> _WHAT YOU SHOULD DO_: Find every line below with the word "roll" in it, and copy each one.

BEGIN THE DATA

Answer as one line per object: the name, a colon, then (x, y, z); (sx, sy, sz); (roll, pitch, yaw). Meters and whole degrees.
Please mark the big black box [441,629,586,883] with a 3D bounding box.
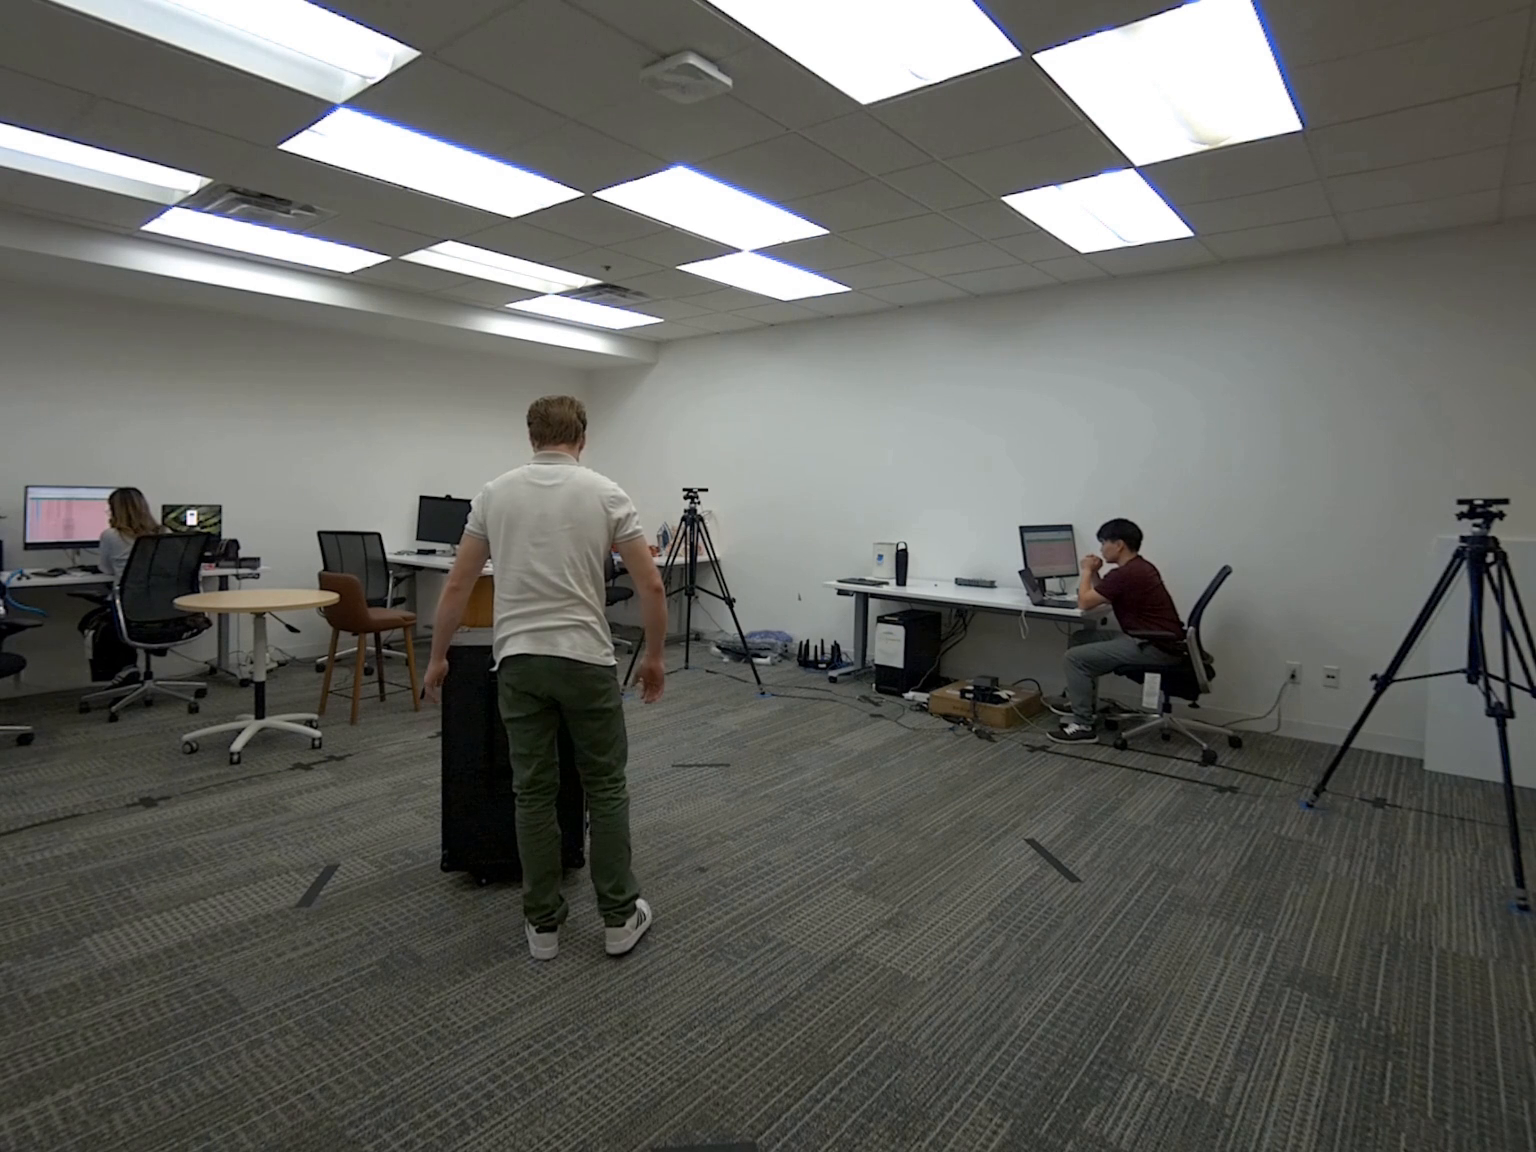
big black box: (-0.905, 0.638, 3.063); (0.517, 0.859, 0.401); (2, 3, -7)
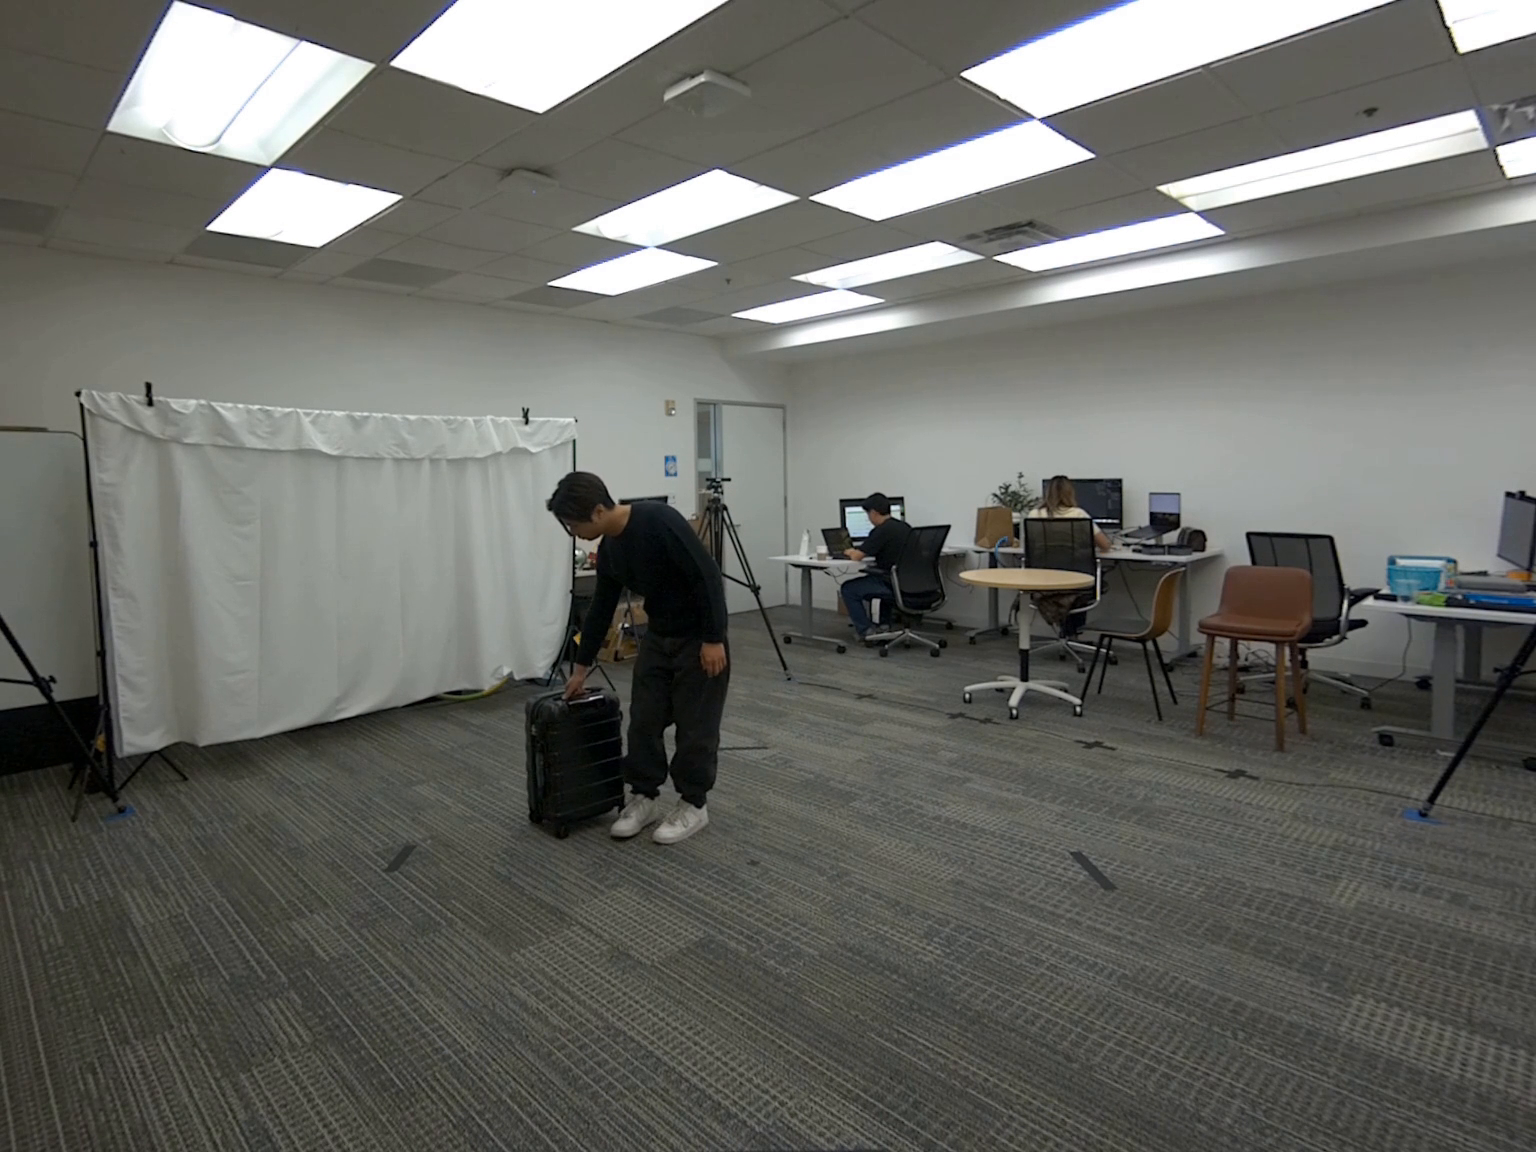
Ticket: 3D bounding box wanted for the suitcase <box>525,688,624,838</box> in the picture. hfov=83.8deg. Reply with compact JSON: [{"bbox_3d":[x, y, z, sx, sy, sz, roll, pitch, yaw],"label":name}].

END THE DATA

> _TASK RESULT_:
Answer as one line per object: the name, a colon, then (x, y, z); (sx, sy, sz); (roll, pitch, yaw). Meters and whole degrees.
Ticket: 3D bounding box wanted for the suitcase <box>525,688,624,838</box> in the picture. hfov=83.8deg. Reply with compact JSON: [{"bbox_3d":[x, y, z, sx, sy, sz, roll, pitch, yaw],"label":name}].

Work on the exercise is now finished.